I read recent blog headlines that I considered snarky and judgmental: “Are Babies the New Birkin Bag?” “Trophy Babies,” and “Status Kids for the Rich.”  Isn’t the power of parental love universal? Don’t the rich love their children as much as anyone else? And if they have the money to expand that love, why not use it? I shook my head at the catty remarks implying that grown women were succumbing to the same peer pressure that had plagued them in high school.

 

Until I heard it straight out of the breeding mare’s mouth.  

 

The NPR report interviewed moms who practice competitive birthing for their take on the trend. Not once did a mother mention her love of children or family as motivation for multiplying. Here are some examples taken from the story (“In Some Circles, Four Kids Is the New Standard,” by Tovia Smith, August 5, 2007).

 

One mother of four revealed that after having 2 children she decided she was through having kids, but then moved to upscale Darien, CT, and envied larger families. She said that seeing “a baby on one hip and a toddler,” left her “feeling short,” so she had a third, overcome by what she called “baby lust.”

 

But she wasn’t done yet. Cheerfully, she admitted, “I was bike riding at 6am with a friend, and she said 'I'm pregnant with #4!' and I was like, 'I'm so jealous of you,' and sure enough within the month, we're biking again, and I'm like, 'Guess what, I'm pregnant with #4 too.'”

 

Wow, how does a pregnant mother of three have the energy and time to bike ride at 6AM?

 

According to the director of an exclusive nursery school which caters to this demographic, these moneyed moms of many are “all dressed and looking fabulous ... and they still go to the gym, still have time to do whatever they need to do."  

 

And how do they manage that?

 

Smith explains that they are “hiring consultants to do the toilet training, to teach them to ride the two-wheelers, to teach them to tie their shoes, it's like the kid gets head lice, and the nit-picker comes and picks the head lice out! Is it ok? I don't know...” 

 

One mom describes the driving force behind the megarich megamom, sadly omitting any mention of love or maternal instinct. “I think it's because we're compelled to be successful and to be achievers. If you're an Ivy League graduate, who's always balanced all of the things in your life, and done it well, you don't decide to be a mom and have one kid.

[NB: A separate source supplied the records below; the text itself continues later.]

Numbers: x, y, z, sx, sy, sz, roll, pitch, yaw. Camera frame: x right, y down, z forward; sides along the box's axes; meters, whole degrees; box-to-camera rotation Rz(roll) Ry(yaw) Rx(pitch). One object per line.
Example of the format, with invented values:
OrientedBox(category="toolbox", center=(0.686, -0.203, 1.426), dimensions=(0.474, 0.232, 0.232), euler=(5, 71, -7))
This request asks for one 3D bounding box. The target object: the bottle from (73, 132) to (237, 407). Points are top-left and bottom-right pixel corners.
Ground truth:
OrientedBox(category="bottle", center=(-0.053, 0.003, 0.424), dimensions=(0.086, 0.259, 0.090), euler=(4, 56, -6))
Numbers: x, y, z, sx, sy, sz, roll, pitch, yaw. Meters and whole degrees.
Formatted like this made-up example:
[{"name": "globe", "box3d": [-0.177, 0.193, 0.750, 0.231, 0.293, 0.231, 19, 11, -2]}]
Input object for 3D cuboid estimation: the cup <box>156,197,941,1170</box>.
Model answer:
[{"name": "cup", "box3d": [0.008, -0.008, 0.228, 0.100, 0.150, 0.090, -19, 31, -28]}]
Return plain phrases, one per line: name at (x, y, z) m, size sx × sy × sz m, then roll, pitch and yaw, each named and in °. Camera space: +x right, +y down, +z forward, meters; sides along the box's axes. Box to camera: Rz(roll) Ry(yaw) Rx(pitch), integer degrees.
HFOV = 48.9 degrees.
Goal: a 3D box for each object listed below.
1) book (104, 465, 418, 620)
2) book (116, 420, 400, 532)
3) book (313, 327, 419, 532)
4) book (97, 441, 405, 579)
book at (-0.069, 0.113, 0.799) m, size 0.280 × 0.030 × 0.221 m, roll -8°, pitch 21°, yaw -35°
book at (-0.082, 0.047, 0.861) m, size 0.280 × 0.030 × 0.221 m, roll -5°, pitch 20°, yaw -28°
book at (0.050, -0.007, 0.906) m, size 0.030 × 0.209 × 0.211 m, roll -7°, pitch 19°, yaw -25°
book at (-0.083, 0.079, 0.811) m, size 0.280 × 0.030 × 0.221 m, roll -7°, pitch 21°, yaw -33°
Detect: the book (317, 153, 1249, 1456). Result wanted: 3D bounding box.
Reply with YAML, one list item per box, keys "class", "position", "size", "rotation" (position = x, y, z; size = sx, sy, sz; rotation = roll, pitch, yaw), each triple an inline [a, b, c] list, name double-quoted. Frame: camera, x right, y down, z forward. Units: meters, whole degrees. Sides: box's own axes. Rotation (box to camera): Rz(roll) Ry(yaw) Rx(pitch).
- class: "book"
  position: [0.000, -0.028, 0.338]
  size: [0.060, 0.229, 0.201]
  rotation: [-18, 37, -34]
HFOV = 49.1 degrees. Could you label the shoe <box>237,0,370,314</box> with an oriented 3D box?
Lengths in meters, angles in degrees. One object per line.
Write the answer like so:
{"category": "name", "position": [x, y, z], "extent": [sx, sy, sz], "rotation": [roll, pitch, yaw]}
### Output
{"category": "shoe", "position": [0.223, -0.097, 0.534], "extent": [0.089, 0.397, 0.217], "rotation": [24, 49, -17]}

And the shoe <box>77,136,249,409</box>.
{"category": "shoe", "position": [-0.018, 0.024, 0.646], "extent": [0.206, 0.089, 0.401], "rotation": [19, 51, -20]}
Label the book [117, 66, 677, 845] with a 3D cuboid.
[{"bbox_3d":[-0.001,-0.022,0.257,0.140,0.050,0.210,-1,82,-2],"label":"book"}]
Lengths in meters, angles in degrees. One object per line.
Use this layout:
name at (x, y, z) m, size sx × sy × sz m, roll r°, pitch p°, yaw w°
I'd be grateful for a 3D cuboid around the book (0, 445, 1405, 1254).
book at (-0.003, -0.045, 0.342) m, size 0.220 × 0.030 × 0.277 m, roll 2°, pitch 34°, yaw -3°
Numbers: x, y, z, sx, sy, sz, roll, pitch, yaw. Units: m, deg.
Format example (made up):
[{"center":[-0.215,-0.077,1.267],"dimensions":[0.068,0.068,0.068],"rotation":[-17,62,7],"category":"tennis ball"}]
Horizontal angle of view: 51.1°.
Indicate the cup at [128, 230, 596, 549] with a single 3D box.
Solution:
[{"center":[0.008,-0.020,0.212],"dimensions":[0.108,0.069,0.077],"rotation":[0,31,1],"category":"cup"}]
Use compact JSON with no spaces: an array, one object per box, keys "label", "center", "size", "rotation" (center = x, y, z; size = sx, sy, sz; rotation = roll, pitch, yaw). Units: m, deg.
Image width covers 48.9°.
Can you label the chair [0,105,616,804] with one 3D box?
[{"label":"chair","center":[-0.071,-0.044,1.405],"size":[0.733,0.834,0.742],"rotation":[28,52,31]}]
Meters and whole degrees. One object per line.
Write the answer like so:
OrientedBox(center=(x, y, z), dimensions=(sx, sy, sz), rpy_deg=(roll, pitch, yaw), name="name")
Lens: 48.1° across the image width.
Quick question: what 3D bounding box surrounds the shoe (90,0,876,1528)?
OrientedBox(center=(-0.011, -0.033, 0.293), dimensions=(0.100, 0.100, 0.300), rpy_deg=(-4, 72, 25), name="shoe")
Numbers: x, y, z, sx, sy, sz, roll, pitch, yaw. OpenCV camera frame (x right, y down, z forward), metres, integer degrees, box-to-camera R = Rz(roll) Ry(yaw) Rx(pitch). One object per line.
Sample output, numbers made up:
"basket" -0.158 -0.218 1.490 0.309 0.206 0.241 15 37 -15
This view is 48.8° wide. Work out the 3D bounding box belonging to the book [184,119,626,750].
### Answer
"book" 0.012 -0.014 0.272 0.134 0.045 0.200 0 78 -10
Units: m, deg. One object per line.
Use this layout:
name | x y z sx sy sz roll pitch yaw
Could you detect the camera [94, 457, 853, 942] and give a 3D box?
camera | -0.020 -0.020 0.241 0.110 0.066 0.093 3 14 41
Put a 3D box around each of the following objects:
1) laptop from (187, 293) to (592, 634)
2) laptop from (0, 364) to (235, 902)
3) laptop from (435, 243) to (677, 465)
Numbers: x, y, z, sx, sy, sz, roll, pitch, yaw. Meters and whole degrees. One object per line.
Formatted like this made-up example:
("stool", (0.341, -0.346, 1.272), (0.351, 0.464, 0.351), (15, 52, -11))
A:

You're going to do it in a big way, full stop, 3 or 4 kids.”

 

A mom interviewed for the piece described the preening manner in which wealthy women announce their pregnancies, and the awe-filled reaction it evokes.  Those lucky ladies who “happily rub” their bellies, announcing that they are having their “fourth” is a sign that she and her husband “have serious, serious money,” and contributes to the notion that making multiple babies has become a "status symbol in a weird way.”

 

At the end of the story, our bike-riding mother of four leaves her crying baby with the babysitter to take one child, her 4-year-old, to the playground. As the baby wails during the goodbyes, the mother explains that she doesn’t take her to the playground because the baby “gets upset.”

 

Um, yeah, babies just hate playgrounds.